* **Work instruction**
Copy out, from the data below, each line in which the word "them" occurs.

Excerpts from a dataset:
※ ※ ※

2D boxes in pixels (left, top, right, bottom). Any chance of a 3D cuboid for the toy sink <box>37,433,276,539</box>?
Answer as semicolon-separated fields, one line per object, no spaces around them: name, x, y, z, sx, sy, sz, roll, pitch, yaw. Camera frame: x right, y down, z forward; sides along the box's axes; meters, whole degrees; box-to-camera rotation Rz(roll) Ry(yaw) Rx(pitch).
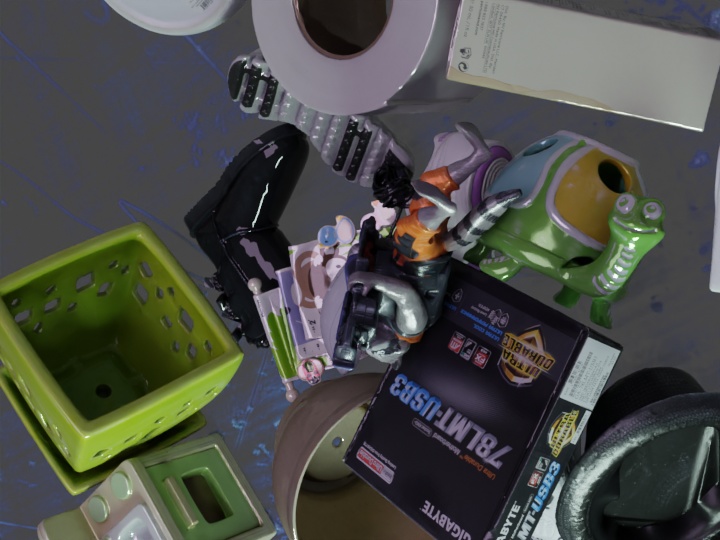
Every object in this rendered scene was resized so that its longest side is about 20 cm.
toy sink;-0.206;0.264;1.376;0.112;0.200;0.131;-45;69;33

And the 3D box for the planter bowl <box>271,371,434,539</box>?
planter bowl;0.000;0.178;1.231;0.135;0.199;0.201;32;117;57

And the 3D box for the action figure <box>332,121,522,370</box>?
action figure;0.042;0.006;1.041;0.104;0.200;0.194;19;127;-4

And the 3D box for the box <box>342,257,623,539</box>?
box;0.090;0.109;1.059;0.200;0.050;0.199;32;95;55

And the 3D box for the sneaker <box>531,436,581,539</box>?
sneaker;0.173;0.151;1.156;0.075;0.115;0.201;-1;130;37

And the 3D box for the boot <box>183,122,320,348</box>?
boot;-0.086;-0.028;1.325;0.198;0.073;0.163;-42;71;36

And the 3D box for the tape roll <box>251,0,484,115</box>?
tape roll;0.023;-0.238;1.171;0.202;0.139;0.204;6;101;36

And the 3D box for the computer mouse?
computer mouse;0.000;0.000;1.204;0.044;0.110;0.201;16;106;-12

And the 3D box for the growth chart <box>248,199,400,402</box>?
growth chart;-0.010;0.023;1.268;0.199;0.018;0.145;-24;90;16

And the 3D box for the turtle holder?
turtle holder;0.165;-0.041;1.069;0.140;0.185;0.132;26;93;8

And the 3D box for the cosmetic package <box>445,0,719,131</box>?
cosmetic package;0.172;-0.169;1.039;0.199;0.104;0.074;13;107;5

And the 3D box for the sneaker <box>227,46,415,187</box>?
sneaker;-0.026;-0.152;1.261;0.200;0.081;0.075;36;134;5

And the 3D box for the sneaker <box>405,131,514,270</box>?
sneaker;0.080;-0.029;1.212;0.099;0.075;0.201;29;109;46

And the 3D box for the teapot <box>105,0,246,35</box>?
teapot;-0.170;-0.340;1.308;0.199;0.146;0.198;8;128;15

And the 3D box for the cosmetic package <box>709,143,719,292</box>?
cosmetic package;0.367;-0.063;0.918;0.199;0.166;0.168;10;102;35

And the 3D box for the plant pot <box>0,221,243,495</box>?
plant pot;-0.264;0.101;1.392;0.199;0.199;0.182;50;146;20

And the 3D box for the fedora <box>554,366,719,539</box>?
fedora;0.238;0.148;1.078;0.201;0.200;0.092;-51;31;30
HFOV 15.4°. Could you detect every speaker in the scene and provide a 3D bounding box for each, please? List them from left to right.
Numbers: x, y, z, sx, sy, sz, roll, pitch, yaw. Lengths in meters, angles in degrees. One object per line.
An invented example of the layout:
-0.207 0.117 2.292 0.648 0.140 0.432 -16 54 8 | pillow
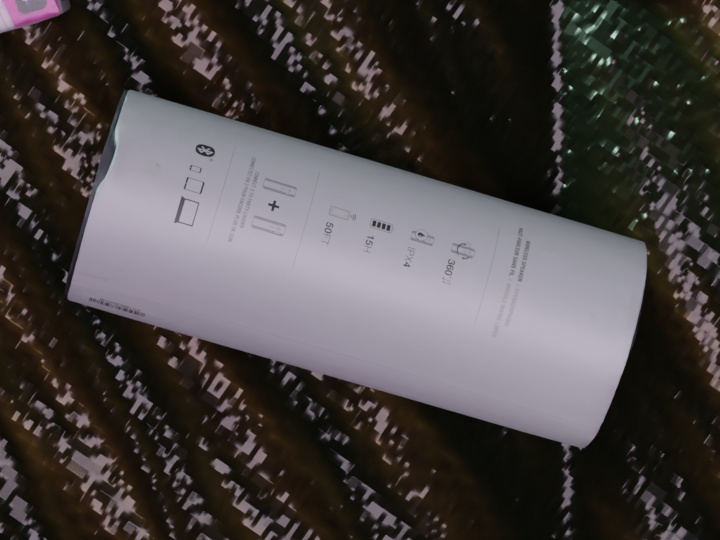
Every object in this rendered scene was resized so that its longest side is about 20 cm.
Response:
0.000 0.000 0.961 0.200 0.081 0.081 16 98 -4 | speaker

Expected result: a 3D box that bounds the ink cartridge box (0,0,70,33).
-0.213 -0.111 0.962 0.200 0.037 0.095 -16 99 3 | ink cartridge box
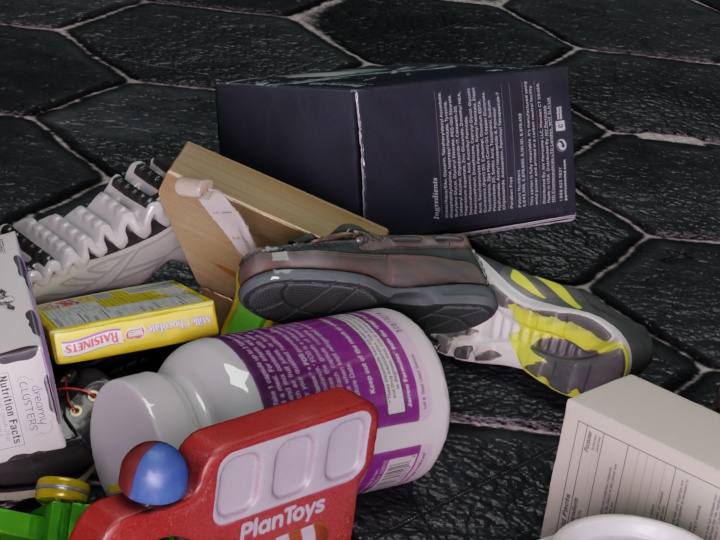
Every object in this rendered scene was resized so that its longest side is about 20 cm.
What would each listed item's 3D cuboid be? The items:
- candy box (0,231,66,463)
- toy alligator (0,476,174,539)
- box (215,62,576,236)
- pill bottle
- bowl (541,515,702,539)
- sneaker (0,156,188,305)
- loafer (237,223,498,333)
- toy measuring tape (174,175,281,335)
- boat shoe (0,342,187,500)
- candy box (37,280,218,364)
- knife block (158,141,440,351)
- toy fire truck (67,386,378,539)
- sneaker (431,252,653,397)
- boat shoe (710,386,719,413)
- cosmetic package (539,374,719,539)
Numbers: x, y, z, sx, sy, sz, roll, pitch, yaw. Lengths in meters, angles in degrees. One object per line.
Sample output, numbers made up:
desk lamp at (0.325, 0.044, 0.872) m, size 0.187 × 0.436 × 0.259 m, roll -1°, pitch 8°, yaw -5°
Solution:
candy box at (-0.285, 0.061, 1.360) m, size 0.200 × 0.072 × 0.168 m, roll -14°, pitch 26°, yaw -8°
toy alligator at (-0.121, 0.154, 1.284) m, size 0.200 × 0.059 × 0.054 m, roll 6°, pitch -18°, yaw -3°
box at (0.025, -0.090, 1.746) m, size 0.197 × 0.124 × 0.200 m, roll -11°, pitch 11°, yaw -33°
pill bottle at (-0.055, 0.089, 1.374) m, size 0.200 × 0.112 × 0.112 m, roll -9°, pitch 28°, yaw -35°
bowl at (0.141, 0.191, 1.210) m, size 0.201 × 0.090 × 0.201 m, roll 8°, pitch 23°, yaw -3°
sneaker at (-0.196, -0.004, 1.608) m, size 0.200 × 0.081 × 0.075 m, roll -25°, pitch 39°, yaw -20°
loafer at (0.000, 0.000, 1.459) m, size 0.200 × 0.072 × 0.063 m, roll 8°, pitch 61°, yaw -41°
toy measuring tape at (-0.073, 0.027, 1.466) m, size 0.074 × 0.200 × 0.074 m, roll -18°, pitch 43°, yaw 18°
boat shoe at (-0.171, 0.088, 1.410) m, size 0.074 × 0.063 × 0.201 m, roll 27°, pitch 31°, yaw 36°
candy box at (-0.155, 0.031, 1.482) m, size 0.102 × 0.026 × 0.200 m, roll -13°, pitch 6°, yaw -10°
knife block at (-0.020, -0.011, 1.553) m, size 0.176 × 0.200 × 0.064 m, roll -19°, pitch 18°, yaw 15°
toy fire truck at (-0.081, 0.150, 1.151) m, size 0.200 × 0.168 × 0.112 m, roll -13°, pitch 30°, yaw -40°
sneaker at (0.116, 0.038, 1.624) m, size 0.200 × 0.074 × 0.085 m, roll 28°, pitch 17°, yaw 32°
boat shoe at (0.319, 0.123, 1.479) m, size 0.200 × 0.060 × 0.072 m, roll 16°, pitch 24°, yaw 19°
cosmetic package at (0.209, 0.148, 1.334) m, size 0.200 × 0.104 × 0.073 m, roll 27°, pitch 28°, yaw 35°
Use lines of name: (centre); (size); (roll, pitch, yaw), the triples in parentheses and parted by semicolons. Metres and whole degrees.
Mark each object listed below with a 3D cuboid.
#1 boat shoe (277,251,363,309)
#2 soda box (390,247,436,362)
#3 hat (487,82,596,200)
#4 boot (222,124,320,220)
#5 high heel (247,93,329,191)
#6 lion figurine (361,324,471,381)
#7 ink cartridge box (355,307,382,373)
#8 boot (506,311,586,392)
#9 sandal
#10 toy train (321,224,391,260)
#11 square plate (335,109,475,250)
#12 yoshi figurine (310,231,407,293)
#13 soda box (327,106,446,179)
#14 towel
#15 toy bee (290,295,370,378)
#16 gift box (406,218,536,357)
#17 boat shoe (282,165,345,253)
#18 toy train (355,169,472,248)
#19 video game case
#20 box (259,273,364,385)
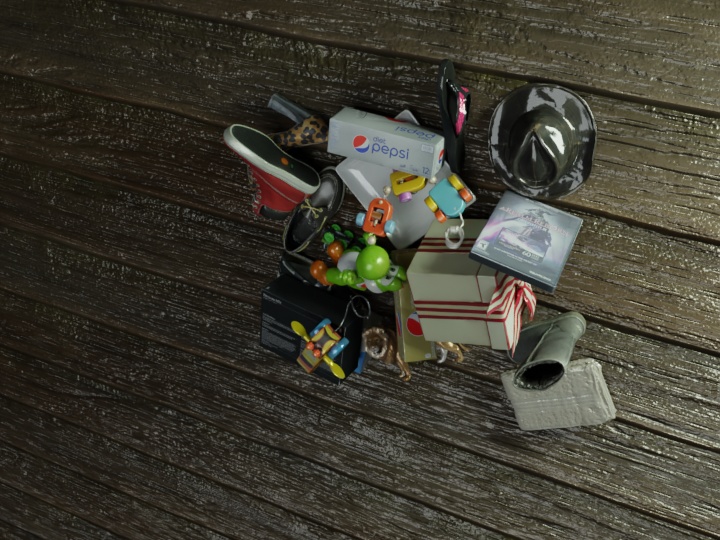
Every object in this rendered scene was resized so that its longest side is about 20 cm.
boat shoe: (-0.081, 0.026, 1.623); (0.198, 0.076, 0.061); (23, 132, 13)
soda box: (0.098, 0.062, 1.498); (0.063, 0.068, 0.203); (-6, 97, -7)
hat: (0.283, -0.194, 1.302); (0.198, 0.081, 0.203); (13, 123, 21)
boot: (-0.192, -0.171, 1.491); (0.199, 0.073, 0.144); (33, 131, -25)
high heel: (-0.135, -0.210, 1.512); (0.142, 0.071, 0.202); (31, 119, 15)
lion figurine: (0.108, 0.139, 1.578); (0.197, 0.072, 0.124); (-20, 98, -3)
ink cartridge box: (-0.065, 0.115, 1.671); (0.198, 0.067, 0.117); (24, 125, 14)
boot: (0.307, 0.156, 1.418); (0.073, 0.200, 0.181); (48, 128, -6)
sandal: (0.163, -0.256, 1.337); (0.044, 0.075, 0.202); (4, 127, 26)
toy train: (0.012, -0.026, 1.569); (0.198, 0.042, 0.057); (27, 137, 11)
square plate: (0.081, -0.161, 1.460); (0.197, 0.028, 0.201); (-33, 99, 38)
yoshi figurine: (-0.004, -0.014, 1.460); (0.198, 0.111, 0.114); (10, 99, 45)
soda box: (0.046, -0.220, 1.383); (0.198, 0.068, 0.064); (17, 124, 18)
towel: (0.374, 0.237, 1.537); (0.198, 0.034, 0.134); (-12, 110, 33)
toy bee: (-0.075, 0.128, 1.462); (0.130, 0.108, 0.202); (30, 128, 21)
gift box: (0.200, 0.034, 1.396); (0.184, 0.201, 0.186); (1, 135, 26)
boat shoe: (-0.090, -0.111, 1.557); (0.071, 0.061, 0.202); (35, 128, 4)
toy train: (0.098, -0.105, 1.405); (0.197, 0.056, 0.153); (12, 87, 21)
video game case: (0.272, -0.053, 1.314); (0.141, 0.200, 0.019); (23, 133, 13)
box: (-0.098, 0.114, 1.590); (0.198, 0.079, 0.143); (23, 128, 23)
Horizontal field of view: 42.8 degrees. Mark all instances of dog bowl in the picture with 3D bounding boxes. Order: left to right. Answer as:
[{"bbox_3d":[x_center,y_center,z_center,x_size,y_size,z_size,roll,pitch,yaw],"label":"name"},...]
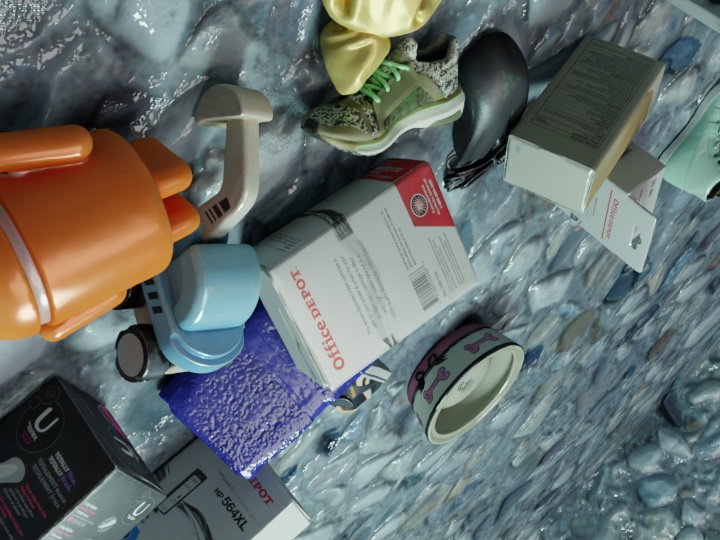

※ ※ ※

* **Task answer**
Answer as semicolon-separated fields, one line per object, no spaces around them: name, x, y, z, sx, sy, sz, roll, pitch, yaw. Camera frame: x right, y down, z forward; sides along the box's axes; meters, whole degrees; box-to-camera rotation Rz(roll) Ry(yaw) Rx(pitch).
HFOV 15.4°. Could you detect every speaker in the scene and provide a 3D bounding box for each, please? List them from left to right.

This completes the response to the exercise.